**Task:** With the images removed, reproduce each entry below word for word.

**Stored data:**
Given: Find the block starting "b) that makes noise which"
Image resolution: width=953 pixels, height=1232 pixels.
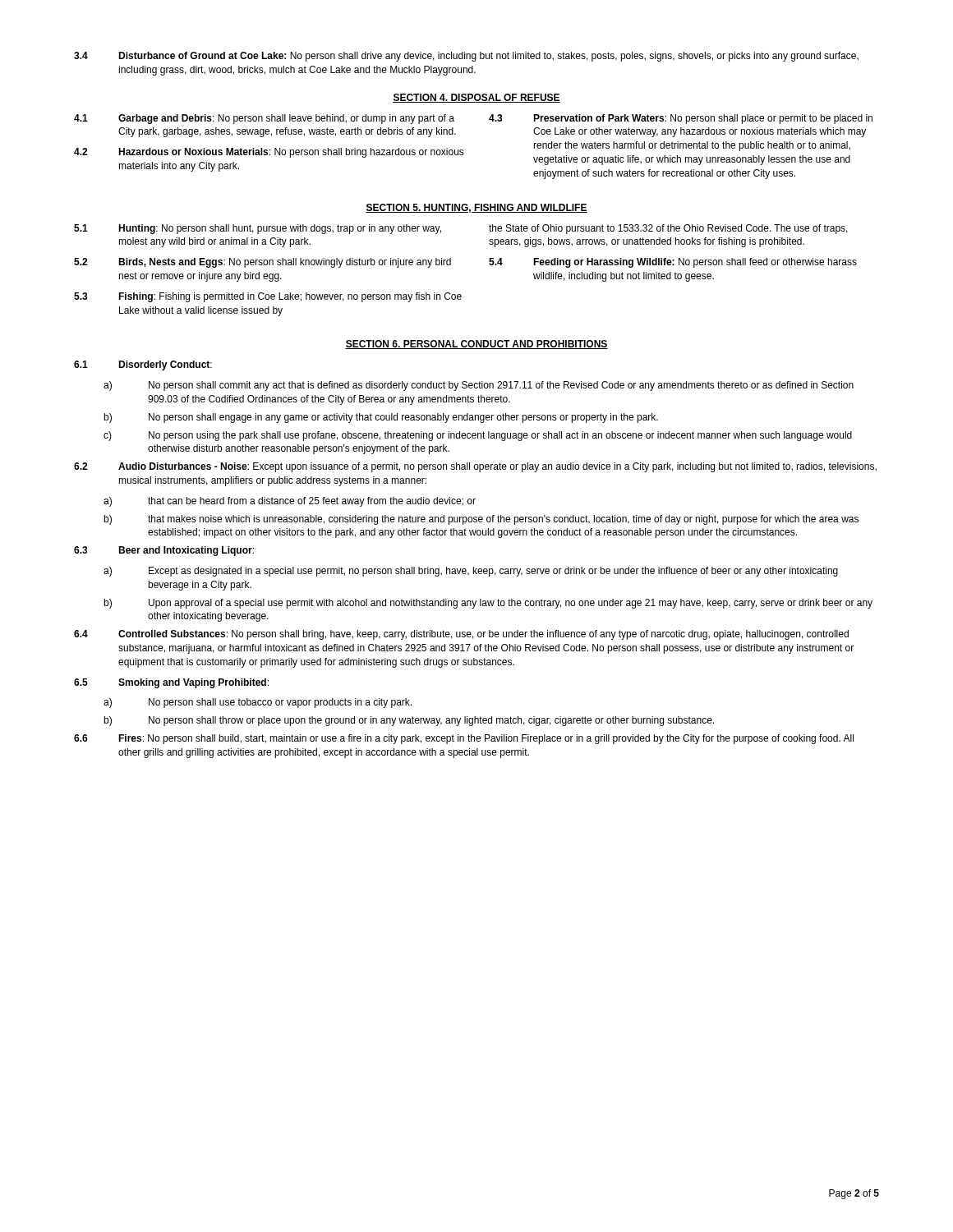Looking at the screenshot, I should coord(476,526).
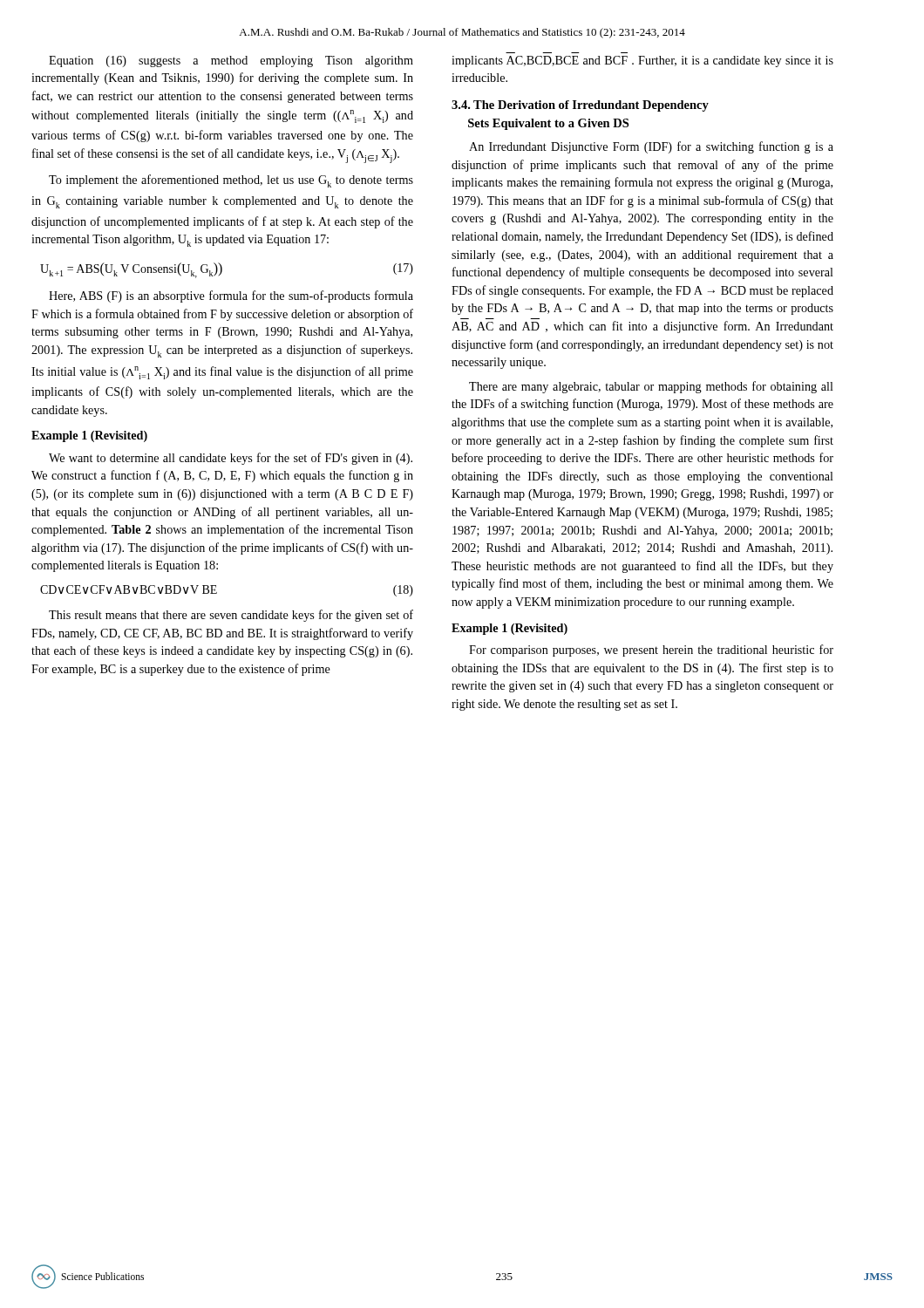The width and height of the screenshot is (924, 1308).
Task: Click on the region starting "implicants AC,BCD,BCE and BCF . Further, it is"
Action: [642, 69]
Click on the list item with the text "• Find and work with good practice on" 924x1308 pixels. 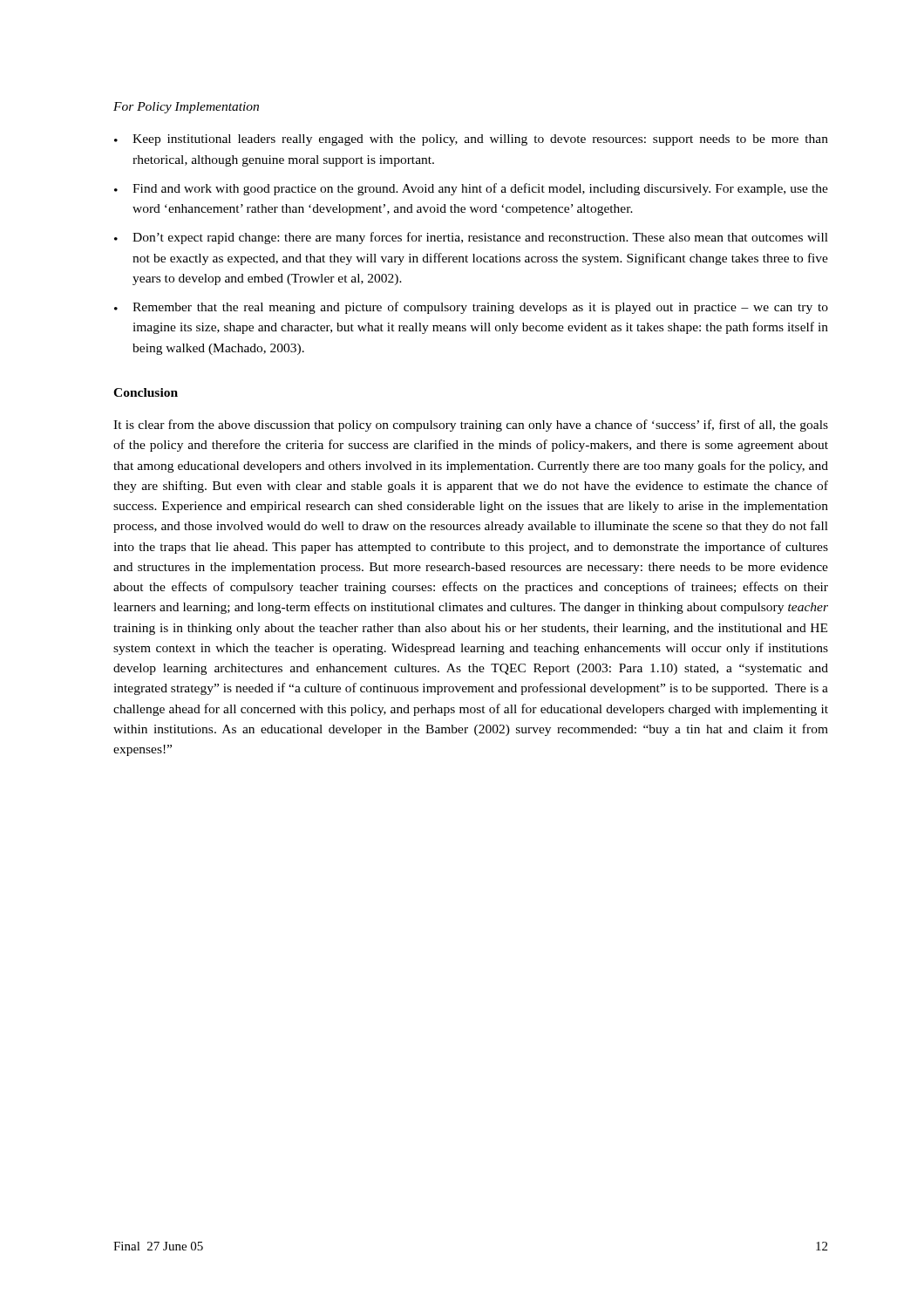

**Your solution:**
Given: Find the block starting "b) that makes noise which"
Image resolution: width=953 pixels, height=1232 pixels.
Looking at the screenshot, I should coord(476,526).
The width and height of the screenshot is (924, 1308).
Task: Click on the region starting "implicants AC,BCD,BCE and BCF . Further, it is"
Action: [642, 69]
Click on the list item with the text "• Find and work with good practice on" 924x1308 pixels. 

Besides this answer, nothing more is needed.